How to Use a Video Projector With an Under-TV Sound Base

BenQ HT2150ST Video Projector With Pyle Pyle PSBV600BT Wave Base

Robert Silva

So, you want that big screen video projection home theater experience, but you don't want the hassle, or the room, for a full home theater surround sound audio system that requires all those speakers.

The Sound Base Solution

Well, there is a solution that is easy to set up, use and doesn't take up a lot of space. That solution — Use an Under-TV (sound base) audio system. This type of system is similar to a soundbar, but instead of being mounted above or below a TV, it is normally placed under a TV.

Depending on the brand, you will see these products labeled as a Sound Base, Speaker Base, Sound Plate, Wave Base, Sound Stand, etc.

However, although they are designed and marketed to be used with TVs, you can also use these systems to get better sound for your video projector, in lieu of a full surround sound speaker setup.

The way this works is that instead of setting a TV on top of the under-TV Audio System, set your video projector on top of it instead.

What You Need

You need a video projector, an audio/video source device(s), such as Blu-ray or DVD player, Cable/satellite box, or Media streamer that has video outputs, such as HDMI, component, or composite, and both digital optical and analog stereo audio outputs.

Then, of course, you need an under-TV audio system that also has a set of analog stereo and digital optical inputs.

Of course, you also need a screen, or a suitable white wall, to project your movies or other video content.

How to Set It All Up

Once you have what you need, it is time to connect it all up.

  • Place your video projector on top of the under-TV audio system and place both on a table, moveable low profile rack, or other platform and position the projector/under TV audio system so that it is an optimal distance to your screen or wall.
  • Once you have determined that, the next step is to connect all your source devices to the projector and under-TV audio system.
  • Connect the video output of your source device to your video projector using HDMI (best), component (better), or composite (worst) connections.
  • Next, connect the analog audio outputs from your source device to the under-TV audio system.

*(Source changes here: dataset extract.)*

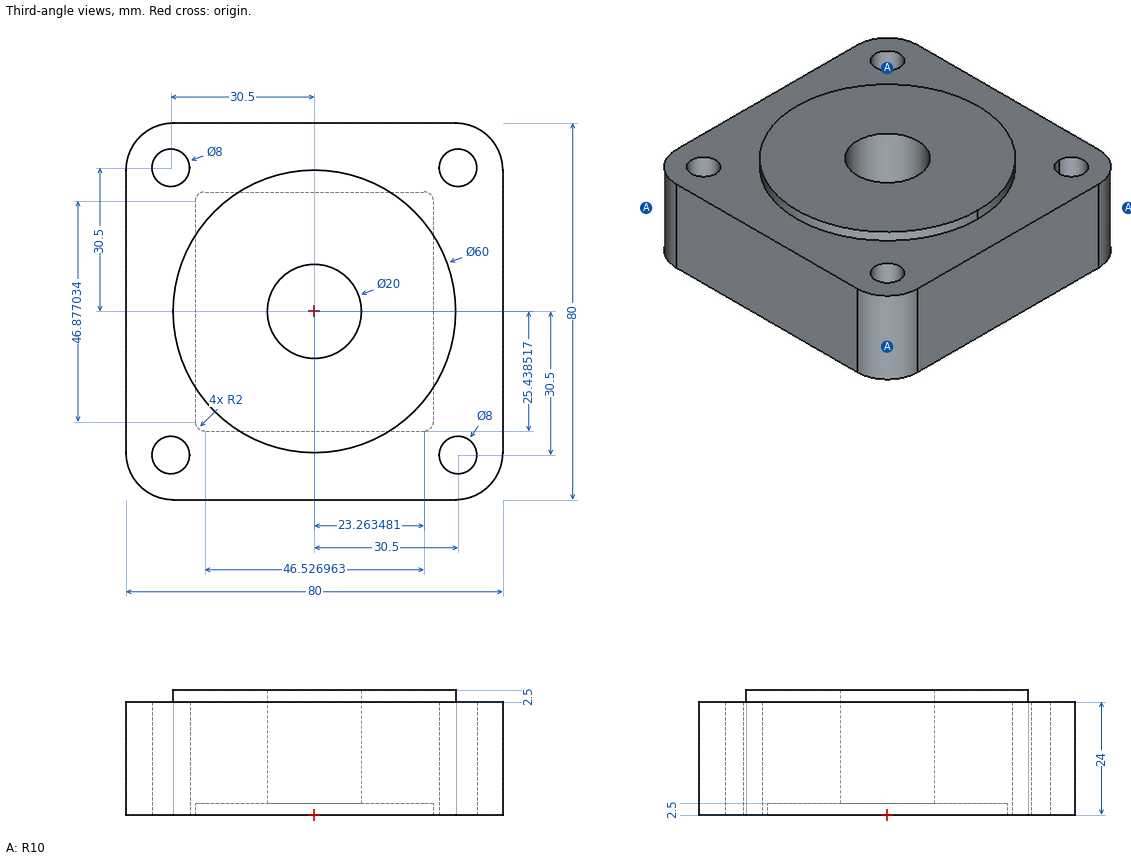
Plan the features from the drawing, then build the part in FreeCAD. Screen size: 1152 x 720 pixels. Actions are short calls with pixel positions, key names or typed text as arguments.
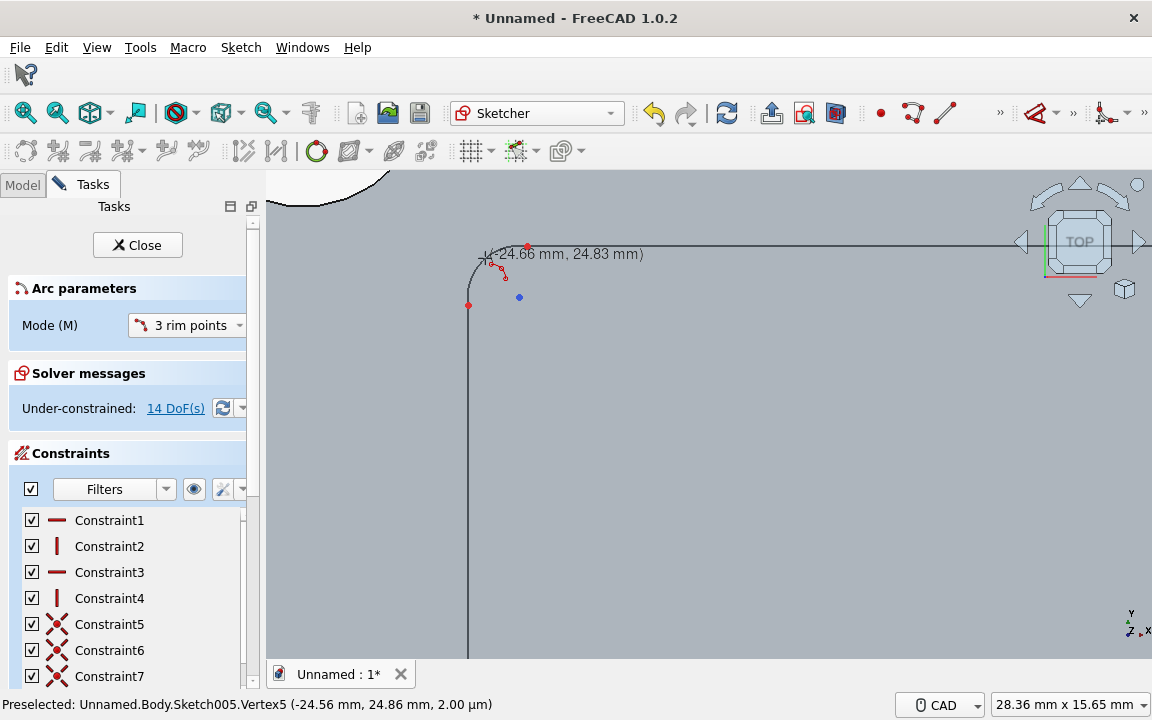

However, depending on your seating position in relation to the projector and Under TV audio system, you will make the audio connections differently.

Seating Position Changes Your System Setup

If the video projector/under TV setup is in front of your seating position (in other words, between your seating position and the screen), make sure that the front of the under-TV audio system is facing back towards your seating position and simply connect either the analog audio or digital optical output of your source device normally.

However, if your seating position is in front of the video projector/under-TV audio system (in other words your seating position is between the video projector/under-TV audio system and your screen, or more simply, the video projector/under-TV audio system is behind you), then make sure the front of the Under TV audio system is facing the screen.

In order to make sure that the audio soundfield is correct in this setup when you have the front of the under-TV Audio System facing the screen, you also need to make a change in your audio connections between your source device(s) and your under-TV audio system.

Here, you must use the analog audio connections and connect the left channel output of your source device to the right channel input of your under-TV audio system and connect the right channel output of your source device to the left channel input of the under TV audio system. Do not use the digital optical audio connection option in this type of setup.

You are probably asking yourself what's the deal? Why must I connect the audio in this way?

Here is the reason: if you are sitting between the projector/sound system setup (the sound system is behind you), and the sound system is facing the screen, then that means that channels are physically reversed. In other words, the right channel speakers of the under-TV sound system are now facing the left side of the screen and room, and the left channel speakers are now facing the right side of the screen and room.

So, in order for the sound to be projected forward to both the listening position and the screen correctly, you must reverse the physical channels using the analog audio connections, which provide a separate connection for each channel.

This is also why you cannot use the digital optical connection option in this type of setup as both the left and right channels send through a single cable, and are locked in the digital audio bitstream and cannot be reversed unless your under-TV audio system has an audio or stereo reverse switch which is very unlikely (this used to be a feature on stereo receivers years ago, but is now very rare).

Practical Uses

Now that you have "freed" your video projector sound setup from the "burden" of a home theater receiver and all speakers, here are some practical uses in addition to a traditional living room setup.

One option is to use this setup as part of an outdoor entertainment experience, while other options might include party, classroom, or even business use, where an external audio system is desired, but setting up a full surround sound audio system is not practical.

The Bottom Line

A video projector/under-TV audio system combination is not a substitute for the surround sound experience would get from a dedicated 5.1 or 7.1 channel home theater setup. However, for those with limited space, or would like some portability, a video projector paired with a sound base system might be just the solution, especially when you consider that most video projectors do not provide onboard speakers, and those that do are definitely not suited for watching movies.